I have hopes that this fad will turn out great track racers. Maybe that in turn will lead to new generation of great American road racers.


----------



## rydbyk (Feb 17, 2010)

Hollywood said:


> my favorite group to hate within our sport is downhill mountain bikers. You call that riding?? Anyone can throw their bike in a pickup and get a ride up a hill. Next time try pedaling up the hill, you stupid knuckle-draggers.
> 
> ahhh, that's better.



Agreed. Hey nice No Fear tattoo... Just get a motorcycle already and beat it..


----------



## Hollywood (Jan 16, 2003)

rydbyk said:


> Agreed. Hey nice No Fear tattoo... Just get a motorcycle already and beat it..


yeah.... I was mocking the whole "hate on my own sport" thing.


----------



## rydbyk (Feb 17, 2010)

Hollywood said:


> yeah.... I was mocking the whole "hate on my own sport" thing.


Yep. Me too. Idjuts


----------



## El Literato Loco (Apr 14, 2010)

Honestly, I'm ready for the fixie craze to end.

It's not that I don't love the fact that more people are cycling, it's just that I hate the fact that, as people are idiots, more idiots are cycling. Two cases in point, one happened yesterday, the other today:

Yesterday, I'm coming home from my afternoon ride and a kid on a fixie gets on my wheel. Okay. I'm old enough to know better, so I don't turn it into a contest and he finally chooses to show me his stuff, swing way out into traffic and pass in a burst of youthful energy. Bravo. And then he shows off his prowess at the next intersection with two little playful skids...

And gets clipped by a car and goes down. Because in his endorphin-idiot high, he blew through a red light at a narrow intersection. And of course he wasn't wearing a helmet.
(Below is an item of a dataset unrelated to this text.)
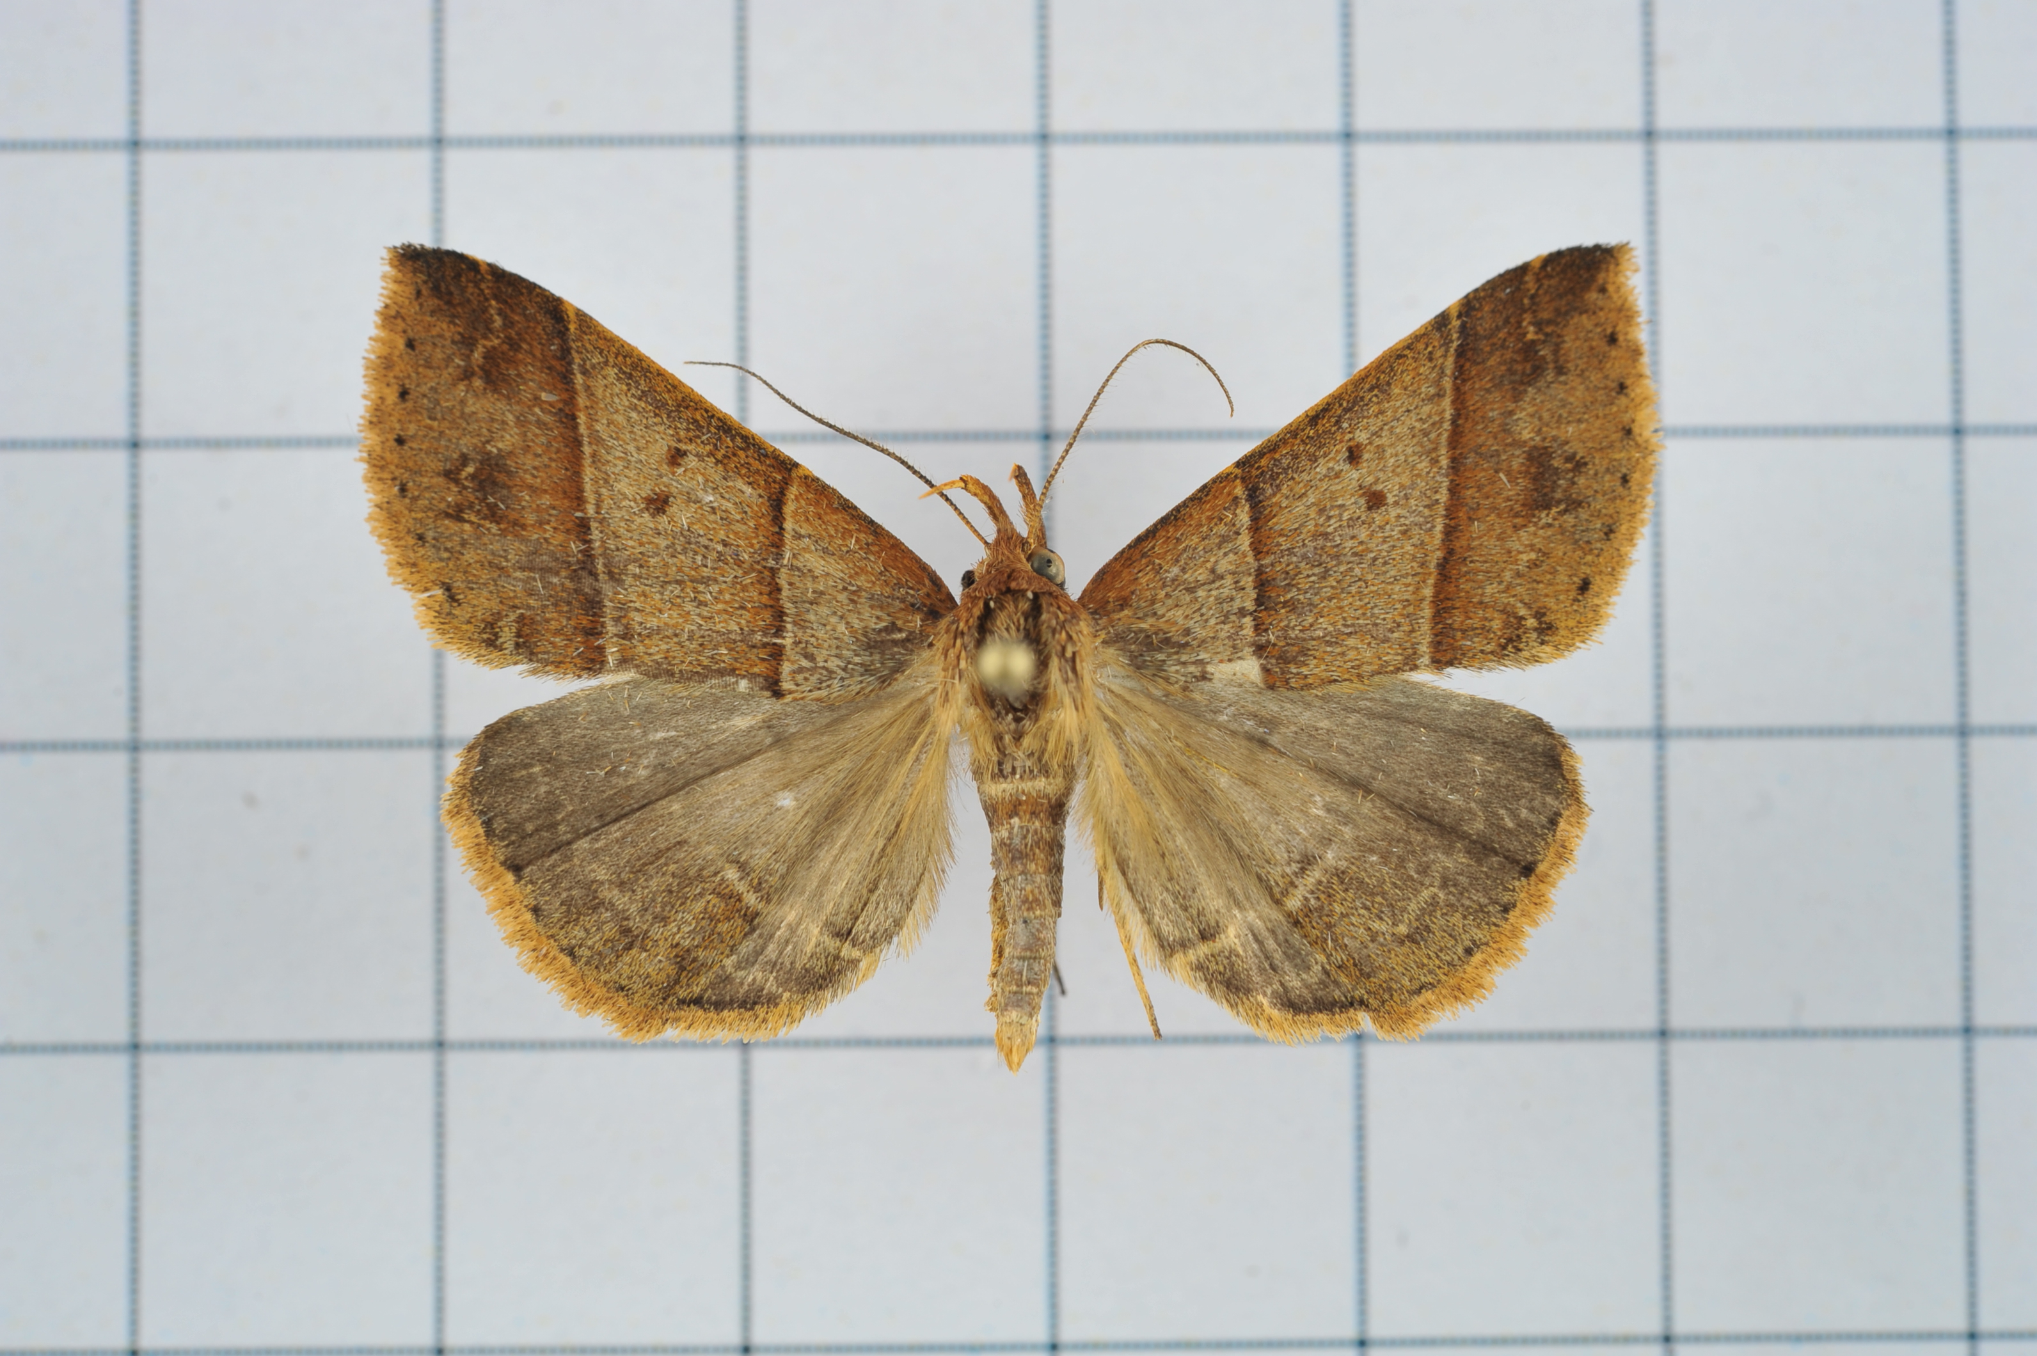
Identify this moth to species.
Bertula parallela

The woman who clipped him is in hysterics and the kid, who was miraculously unhurt (aside from some scrapes and bruises), will now probably sue her. 

And then today, guy on a fixie comes barreling around a corner and merges into a major street (Santa Monica blvd. in Century City) without bothering to even slow down, let alone stop, and almost clips another rider on a fixie as he does.

Yet for some reason, both fixie riders decide that they're best friends and ride side-by-side in the lane through Beverly Hills, causing a massive back-up with drivers on their horns and screaming at them. 

All I can say is I've never hated progress so much in my life: if this were 20 years ago, I'd've shoved my frame pump in his front wheel.

So, while I actually think fixies are kinda cool, and I'm old enough to know that these three d-bags don't represent fixie riders, I'm sorta ready for it to be over.


----------



## DrRoebuck (May 10, 2004)

El Literato Loco said:


> Honestly, I'm ready for the fixie craze to end.
> 
> It's not that I don't love the fact that more people are cycling, it's just that I hate the fact that, as people are idiots, more idiots are cycling. Two cases in point, one happened yesterday, the other today:
> 
> ...


You sound just like someone in a car forum b1tching about cyclists in general. Or in the comments section of a news story having anything to do with cyclists.




El Literato Loco said:


> All I can say is I've never hated progress so much in my life: if this were 20 years ago, I'd've shoved my frame pump in his front wheel.


You know how awesome you are? ^^^^ That's how awesome you are.


----------



## DrRoebuck (May 10, 2004)

El Literato Loco said:


> Yet for some reason, both fixie riders decide that they're best friends and ride side-by-side in the lane through Beverly Hills, causing a massive back-up with drivers on their horns and screaming at them.


Is this Little Santa Monica or Big? Because if it's Little Santa Monica I take that right lane out of Century City without even thinking about it.


----------



## El Literato Loco (Apr 14, 2010)

It's Little, right after Century Park East where the boulevard divides. 

I guess I'm turning into a bit of a crank. My wife told me the other day she doesn't like talking to me for about an hour after my weekday rides, since I seem to come home in an ornery mood. God bless her, though; she read an article about some British study that said that beer, because of its carbonation & sugars, was actually a pretty good thing to have after a ride. Now there's always a Pacifico in the fridge...


----------



## mrk_d (Apr 11, 2010)

El Literato Loco said:


> Now there's always a Pacifico in the fridge...


I'd be pretty ornery if all I had waiting for me at the end of a ride was a Pacifico in the fridge too!


----------



## SROC3 (Jul 20, 2009)

mmmmmmm......going to have to start that Pacifico habit


----------



## wipeout (Jun 6, 2005)

El Literato Loco said:


> Honestly, I'm ready for the fixie craze to end.
> 
> It's not that I don't love the fact that more people are cycling, it's just that I hate the fact that, as people are idiots, more idiots are cycling. Two cases in point, one happened yesterday, the other today:
> 
> ...


As if geared riders never ever do any of those things.


----------